[Records from a data collection]

--

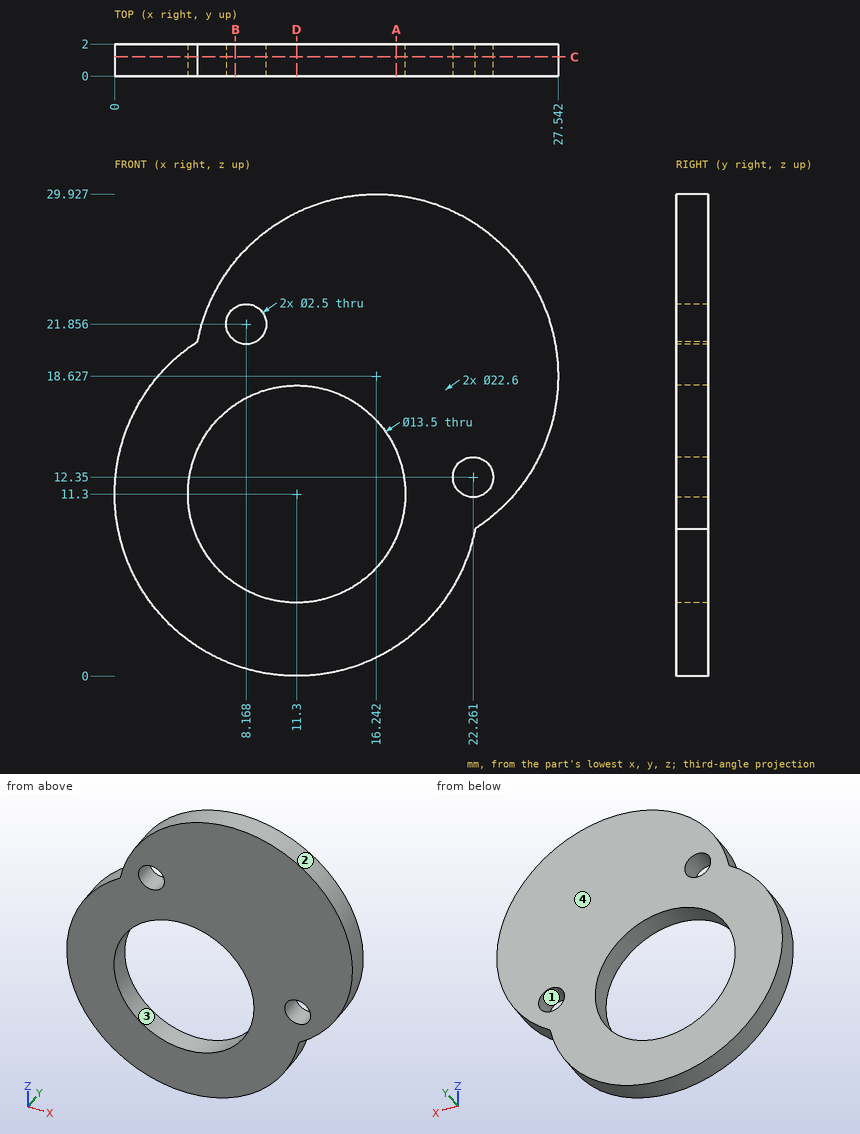
Study the drawing (mm; zero at the part's minimum x, y, z) and answer. Give positions to 0.01 mm unless a question says otherwise; leave off trailing zeros. Write each loop counter-clockwise with the first axis right and the second up, starting at its lowest first coordinate (ties: lowest second). Pieces come first, ordered by that corner, then holes. Notation, with made-up numbers: M -27,12 L 19,12 A26 cw 19,27 Z; hole C 89.5,77 d2. An arc over 180 degrees is marked long. Put each result on its own line as item: value. Start each with the question number.
1. The part is cut by section D-D, the plane x = 11.3. Give the vertices of the cut face in (y, z).
2. For a pull along Z with two mould halves and no side action, classify the marked faces 1, 2, 3 and 4 as released by +Z, released by -Z, zero draft, split by the parting line, or undercut.
3. Each of these flat-tipped pins is pushed along its axis until it touches: pin 1 Ø1 at (y, z) = (0.5, 6.5) entering from +X; pin 2 Ø2 at (x, z) = (22.26, 12.35) entering from -Y. Where does it stop, or does it pass through?
4. The part is cut by section C-C, the plane y = 1.2. Give the vertices of the cut face in (x, z), and give its area (3 significant figures).
5. Consider line 1 along X through (y, z) = (0.75, 12) (1 decimal); line 2 along Z through (x, y) = (9, 1.05) (1 decimal); line 3 along X through (y, z) = (0.35, 22.5) (1 decimal). Determine where each line is inside the solid, lowest interval first.
6. The part is cut by section A-A, the plane x = 17.5. Give the vertices of the cut face in (y, z).
7. The part is cut by section B-B, the plane x = 7.5. Give the vertices of the cut face in (y, z).
Final values:
1. outline: M 0,0 L 2,0 L 2,4.55 L 0,4.55 Z; M 0,18.05 L 2,18.05 L 2,28.79 L 0,28.79 Z
2. face 1: undercut
2. face 2: split by the parting line
2. face 3: undercut
2. face 4: zero draft
3. pin 1: stops at x = 21.75
3. pin 2: passes through
4. outline: M 5.15,20.78 A11.3 ccw long 22.39,9.15 A11.3 ccw long Z; hole C 11.3,11.3 d13.5; hole C 8.17,21.86 d2.5; hole C 22.26,12.35 d2.5
4. area: 443 mm²
5. line 1: x = 0 to 4.6, 18 to 21.1, 23.5 to 25.4
5. line 2: z = 0.2 to 5, 17.6 to 20.9, 22.8 to 27.3
5. line 3: x = 5.6 to 7.1, 9.2 to 26.9
6. outline: M 0,1.85 L 2,1.85 L 2,8.63 L 0,8.63 Z; M 0,13.97 L 2,13.97 L 2,29.86 L 0,29.86 Z
7. outline: M 0,0.66 L 2,0.66 L 2,5.72 L 0,5.72 Z; M 0,16.88 L 2,16.88 L 2,20.8 L 0,20.8 Z; M 0,22.91 L 2,22.91 L 2,25.79 L 0,25.79 Z
```python
from build123d import *

# Parameters (mm, degrees)
F1_DEPTH = 10
F3_DEPTH = 18.3104010768
F5_DEPTH = 35.001
F6_W     = 10
F6_H     = 8.9491856137
F6_R     = 3
F7_DEPTH = 2


# Not quite as in the source:
# - a pattern or mirror of a feature is missing from the dataset's text; its kind, count and spacing are read off the source's solid


with BuildPart() as f1:
    # F0 (on Front) → F1 (new body, symmetric)
    with BuildSketch(Plane.XZ):
        with BuildLine():
            Line((-3.7527767497, 1.5), (-3.4641016043, 2.0000000188))
            Line((-3.4641016043, 2.0000000188), (0, 8))
            Line((0, 8), (0, 17.5))
            Line((0, 17.5), (-18.3094010768, 17.5))
            Line((-18.3094010768, 17.5), (-18.3094010768, 8))
            Line((-18.3094010768, 8), (-14.556624327, 1.5))
            ThreePointArc((-14.556624327, 1.5), (-14.1547005384, 0), (-14.556624327, -1.5))
            Line((-14.556624327, -1.5), (-18.3094010768, -8))
            Line((-18.3094010768, -8), (-18.3094010768, -17.5))
            Line((-18.3094010768, -17.5), (0, -17.5))
            Line((0, -17.5), (0, -8))
            Line((0, -8), (-3.4641016187, -1.9999999939))
            Line((-3.4641016187, -1.9999999939), (-3.7527767497, -1.5))
            ThreePointArc((-3.7527767497, -1.5), (-4.1547005384, 0), (-3.7527767497, 1.5))
        make_face()
    extrude(amount=F1_DEPTH, both=True)

    # F2 (on Right) → F3 (cut, through all)
    with BuildSketch(Plane.YZ):
        with BuildLine():
            ThreePointArc((-6.7017059222, 0), (-7.2468927023, 4.1411047244), (-8.8452994645, 8.0000000049))
            Line((-8.8452994645, 8), (-10, 8))
            Line((-10, 8), (-10, 1.5))
            Line((-10, 1.5), (-10, -8))
            Line((-10, -8), (-10, -9.7296796796))
            ThreePointArc((-10, -9.7296796796), (-9.3945168749, -8.8836208643), (-8.8452995254, -8.0000001104))
            ThreePointArc((-8.8452995254, -8.0000001104), (-7.246892718, -4.1411047832), (-6.7017059222, 0))
        make_face()
        with BuildLine():
            ThreePointArc((-8.8452994645, 8.0000000049), (-9.3945168411, 8.8836208136), (-10, 9.7296796796))
            Line((-10, 9.7296796796), (-10, 8))
            Line((-10, 8), (-8.8452994645, 8))
        make_face()
        with BuildLine():
            Line((-5.6698729811, 2.5), (-8.8452994645, 8.0000000049))
            ThreePointArc((-8.8452994645, 8.0000000049), (-7.2468927023, 4.1411047244), (-6.7017059222, 0))
            ThreePointArc((-6.7017059222, 0), (-7.246892718, -4.1411047832), (-8.8452995254, -8.0000001104))
            Line((-8.8452995254, -8.0000001104), (-5.6698729811, -2.5))
            ThreePointArc((-5.6698729811, -2.5), (-5, 0), (-5.6698729811, 2.5))
        make_face()
        with BuildLine():
            Line((-8.8452994645, 8.0000000049), (-10, 10))
            Line((-10, 10), (-10, 9.7296796796))
            ThreePointArc((-10, 9.7296796796), (-9.3945168411, 8.8836208136), (-8.8452994645, 8.0000000049))
        make_face()
        with BuildLine():
            ThreePointArc((-8.8452995254, -8.0000001104), (-9.3945168749, -8.8836208643), (-10, -9.7296796796))
            Line((-10, -9.7296796796), (-10, -10))
            Line((-10, -10), (-8.8452995254, -8.0000001104))
        make_face()
    f3 = extrude(amount=-F3_DEPTH, mode=Mode.SUBTRACT)

    # F3_copies: F3 across plane
    add(f3.mirror(Plane.ZX), mode=Mode.SUBTRACT)

    # F4 (on face) → F5 (cut, through all)
    with BuildSketch(Plane(origin=(0, 0, -17.5), x_dir=(1, 0, 0), z_dir=(0, 0, -1))):
        with BuildLine():
            Line((-11.1804351675, 2.2127808776), (-7.1289659092, -2.2127808776))
            ThreePointArc((-7.1289659092, -2.2127808776), (-6.4090490777, -1.2088829787), (-6.1547005384, 0))
            ThreePointArc((-6.1547005384, 0), (-7.9458175596, 2.7456514607), (-11.1804351675, 2.2127808776))
        make_face()
        with BuildLine():
            ThreePointArc((-11.1804351675, 2.2127808776), (-11.367481416, -2.0257346291), (-7.1289659092, -2.2127808776))
            Line((-7.1289659092, -2.2127808776), (-11.1804351675, 2.2127808776))
        make_face()
    extrude(amount=-F5_DEPTH, mode=Mode.SUBTRACT)

    # F6 (on face) → F7 (join)
    with BuildSketch(Plane.XY.offset(17.5)):
        with Locations((-9.1547005384, 0)):
            Rectangle(F6_W, F6_H)
        with Locations((-9.1547005384, 0)):
            Circle(F6_R, mode=Mode.SUBTRACT)
    extrude(amount=F7_DEPTH)


solid = f1.part
```
Geometry check sheet. Reference: the model listing, model coordinates, mm. A direction names the side the tool comes from. Coordinates: 2 decimals unless noted, no trailing zeros. Order: outer loops, then holes, each group sorted by start corner. A loop starts at its lowest first (then second) coordinate and runs counter-clockwise, first axis right, second up.
Item 1: Depth check by flat-ended pin: pin 1 (0.6 mm diameter, centred on y = 0.5, z = 19, fed in from -X); pin 2 (10 mm diameter, centred on x = -10, z = 3.5, fed in from +Y); pin 3 (0.6 mm diameter, centred on x = -7, z = 19, fed in from -Y). Enter the tip coordinate at first touch or a pass-through.
Item 2: Scan lines: line 1 along X through (y, z) = (0, 18.4); line 2 along X through (y, z) = (-2.75, 9.5); line 3 along Y through (x, z) = (-11.5, -13). Record each from-to range of solid material in increasing order.
Item 3: Section check B-B (y = 3.75). Enter the section's corners in (x, z), plus the area to 3 significant figures.
Item 4: Section check C-C (x = -16). Enter the section's corners in (y, z).
Item 5: Tool access check on faces 1 (the flat face through (-14.155, 0, 18)), 2 (the flat face through (-16.407, -0.124, -4.705)), 3 (the flat face through (-9, -4.475, 18)), 4 (the flat face through (-4.155, 0, 18)). Record the directions out of +Z, -Z, +X, -X, +Y, -Y that give a thin tool (end or side, any length) a straight path to the whole face; none if there is none.
Item 6: Section check D-D (y = -8). Enter the section's corners in (x, z).
Item 7: Section check A-A (z = -13.5). Enter the section's corners in (x, y), plus the area to 3 significant figures.
Check sheet entries:
1. pin 1: stops at x = -14.15
1. pin 2: stops at y = 9.13
1. pin 3: stops at y = -4.47
2. line 1: x = -14.15 to -12.15, -6.15 to -4.15
2. line 2: x = -18.31 to -10.35, -7.96 to 0
2. line 3: y = -10 to -1.87, 1.87 to 10
3. outline: (-18.31, -17.5) - (0, -17.5) - (0, -8) - (-3.75, -1.5) arc R3 cw to (-3.75, 1.5) - (0, 8) - (0, 17.5) - (-4.15, 17.5) - (-4.15, 19.5) - (-14.15, 19.5) - (-14.15, 17.5) - (-18.31, 17.5) - (-18.31, 8) - (-14.56, 1.5) arc R3 cw to (-14.56, -1.5) - (-18.31, -8) - close
3. area: 588 mm2
4. outline: (-10, -17.5) - (10, -17.5) - (10, -10) - (6.54, -4) - (-6.54, -4) - (-10, -10) - close; (-10, 10) - (-6.54, 4) - (6.54, 4) - (10, 10) - (10, 17.5) - (-10, 17.5) - close
5. face 1: +Z, -X, +Y, -Y
5. face 2: -X, +Y, -Y
5. face 3: +Z, +X, -X, -Y
5. face 4: +Z, +X, +Y, -Y
6. outline: (-18.31, -17.5) - (0, -17.5) - (0, -8) - (-0.85, -6.54) - (-17.46, -6.54) - (-18.31, -8) - close; (-18.31, 8) - (-17.46, 6.54) - (-0.85, 6.54) - (0, 8) - (0, 17.5) - (-18.31, 17.5) - close
7. outline: (-18.31, -10) - (0, -10) - (0, 10) - (-18.31, 10) - close; hole circle Ø6 at (-9.15, 0)
7. area: 338 mm2

--

Whenever the word "solid" appears in a line above, copy that line.

5. Consider line 1 along X through (y, z) = (0.75, 12) (1 decimal); line 2 along Z through (x, y) = (9, 1.05) (1 decimal); line 3 along X through (y, z) = (0.35, 22.5) (1 decimal). Determine where each line is inside the solid, lowest interval first.
# - a pattern or mirror of a feature is missing from the dataset's text; its kind, count and spacing are read off the source's solid
solid = f1.part
Item 2: Scan lines: line 1 along X through (y, z) = (0, 18.4); line 2 along X through (y, z) = (-2.75, 9.5); line 3 along Y through (x, z) = (-11.5, -13). Record each from-to range of solid material in increasing order.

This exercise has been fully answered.